Saturday, February 5, 2011

Operation Rescue Kitchen Chair

The next 3 weeks are going to be pretty hectic for me, we have a major work event coming up, and I'm swamped.  That being said, it makes me want to reflect on what an Assclown Peter Pan was. 

Peter Pan was a CPA and acted like he was the only CPA in the entire world.  It was a bit over the top, and ridiculous.  And the funny thing this guy would play the violin on how he was pushing 40 and still single.  I've heard of the phrase "tax widows" but this guy never had a girlfriend long enough to make someone a widow, and let's not forget his cheapness.  He was single because he was either gay or petrified of commitment.  All these months later, and I'm still annoyed at what a coward he was during the breakup, and I'm annoyed with myself for not listening to my friends and kicking his scrawny ass to the curb after the lack of Christmas present incident.

Peter Pan and I "dated" for several months, and I use the word "dated" lightly because he was pretty much non existent during tax season.  When tax season finished he was with his boyfriends pretty much every weekend.  Don't get me wrong, when I moved he took the entire day and helped me but looking back I could have and should have paid professional movers to do that.  I am looking for a companion not a little bitch.  Harsh words, but true.

Once I finally moved from my house of horrors in Howellbama it was like I was coming back to life.  I was able to really put my marriage behind me and move forward.  I realized how much I wanted a real boyfriend in my life.  And I started to realize Peter Pan was not boyfriend, and certainly not husband material.  Putting aside the fact that I looked like an Amazon Woman next to Peter Pan, we really didn't share any common interests. So after wasting the entire summer "dating" a man child who I lacked any spark with, it came time to either shit or get off the pot.  The relationship was pretty much dead, he would come over once in a blue moon and show more affection to Diesel.  Now I love my dog, but come on. 

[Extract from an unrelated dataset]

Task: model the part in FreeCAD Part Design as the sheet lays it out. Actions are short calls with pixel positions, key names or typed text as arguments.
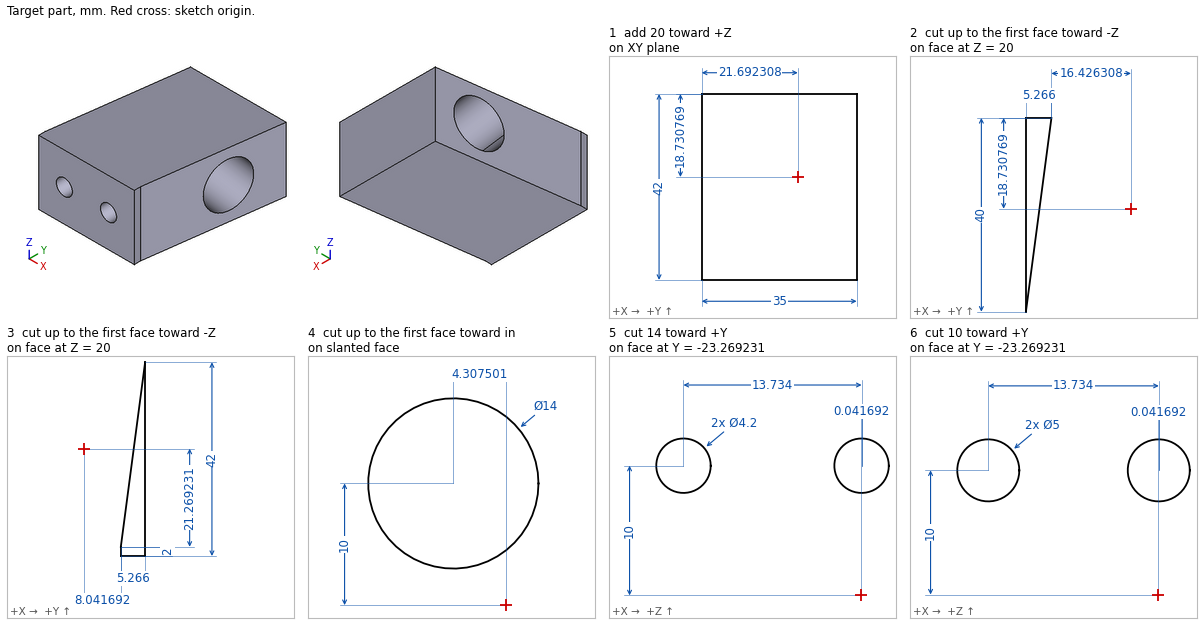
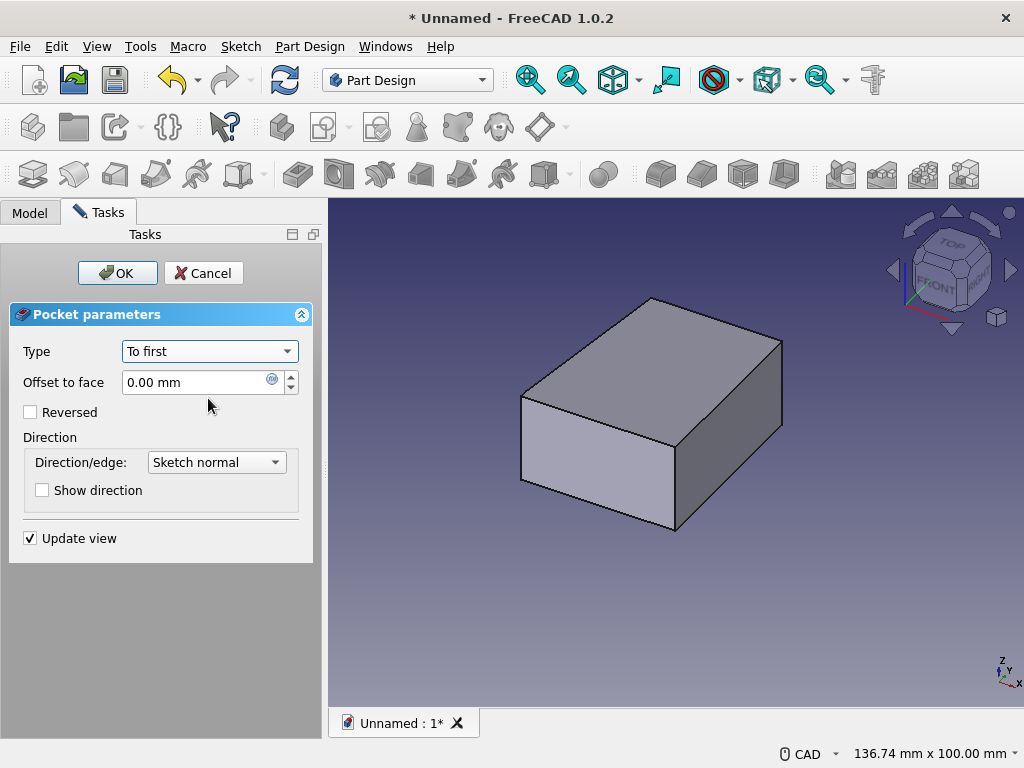
click(118, 273)

It was a Saturday in September and I didn't hear from Peter Pan ALL DAY.  Call me what you want, but when I'm dating someone and especially after several months I expect a good morning call or text, some sort of verbal communication and even a good night call of text.  If I'm going to be exclusive with you I deserve that.  Well the entire day passed by, so when my friend Sammy asked me to go out with her I was thrilled.  We had a great time, I drank too much vodka, and I had the brilliant idea to drunk text Peter Pan.  Drunk texting when you are feeling unloved is NEVER a good idea.  The next thing I remember I'm home, in the bathroom drunk texting Peter Pan some more, followed by drunk dials.  When I woke up the next morning from my drunken escapade I remember rereading the texts and seeing "I can't come over I'm in Seaside with friends"  And then I knew, Peter Pan was with someone else.

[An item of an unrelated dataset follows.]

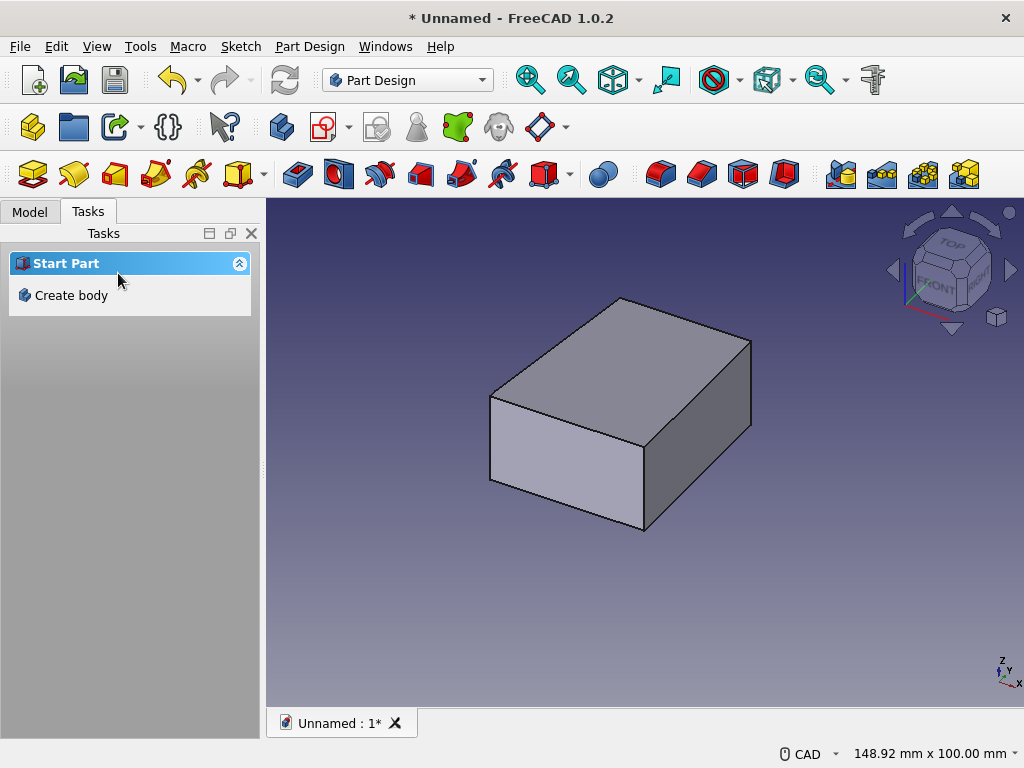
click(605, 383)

That Sunday passed all day again without a call from Peter Pan.  The final nail in Peter Pan's Gary Coleman sized casket was when I logged onto Facebook that evening and saw pictures posted of him and his beat up "friend" Desiree.  See, I went to the same high school as Desiree, she was a bit older than me, but I knew of her.  She was trash then, and is even bigger trash now.  She has two teenage boys but you would never know this by browsing her Facebook page.  She looks like she's been dragged around the block quite a few times, and is always posting about her ridiculous drunken escapades.  While I enjoy a good frosty beverage, if you're a mother that comes first.  The saying "a picture is worth a thousand words" is true.  After surviving an entire marriage with a compulsive liar, there was nothing Peter Pan could say to change my mind.  The relationship needed to be tossed into the recycle bin and I needed to find a man, not a man child.

One problem, Peter Pan had my clicker to get into my neighborhood and he had my kitchen chair.  Yes you are reading this right my kitchen chair.  Why you ask?  Well because Peter Pan knew everything and you can add carpenter to the list.  Unfortunately, Peter Pan also had a nasty case of Napoleon Syndrome and when he realized I finally saw the light he began acting like an even bigger man child.  And this my friends is when "Operation Rescue Kitchen Chair" began.

Had I not owned a rather expensive kitchen set I could have cared less, but I WANTED MY CHAIR BACK. Peter Pan was totally non- responsive to my phone calls and text messages to get my chair and clicker back.  I began feeling like I was regressing back into high school.  It was ridiculous.  I can remember sending him this email basically telling him "I WANT MY CHAIR BACK NOW!!!"  No response.  And being a women, the more he ignored, the more determined I became to get my chair and clicker back.

After a crazy night out with the girls and drinking way too much vodka, I awoke the next morning with my face on the living room floor, Diesel snuggled next to me and Tostitos in my hair.  Don't ask, I have no idea.  As I was dragging my limp body to the bedroom my doorbell rang and it was my sister and our friend Monika.  My sister always enjoys telling me when I look like death and could not let this opportunity pass her by.  As she started pointing out the Tostitos in my hair, we all noticed a coffee mug on my front step.  At first we thought that perhaps in my drunken stupor I made myself some tea.  But I hate tea, and as we examined the mug closer, we saw my clicker inside the mug.  No note just one of my coffee mugs that was filthy with the clicker inside.  Can we saw COWARD?  And can we say WHERE WAS MY CHAIR?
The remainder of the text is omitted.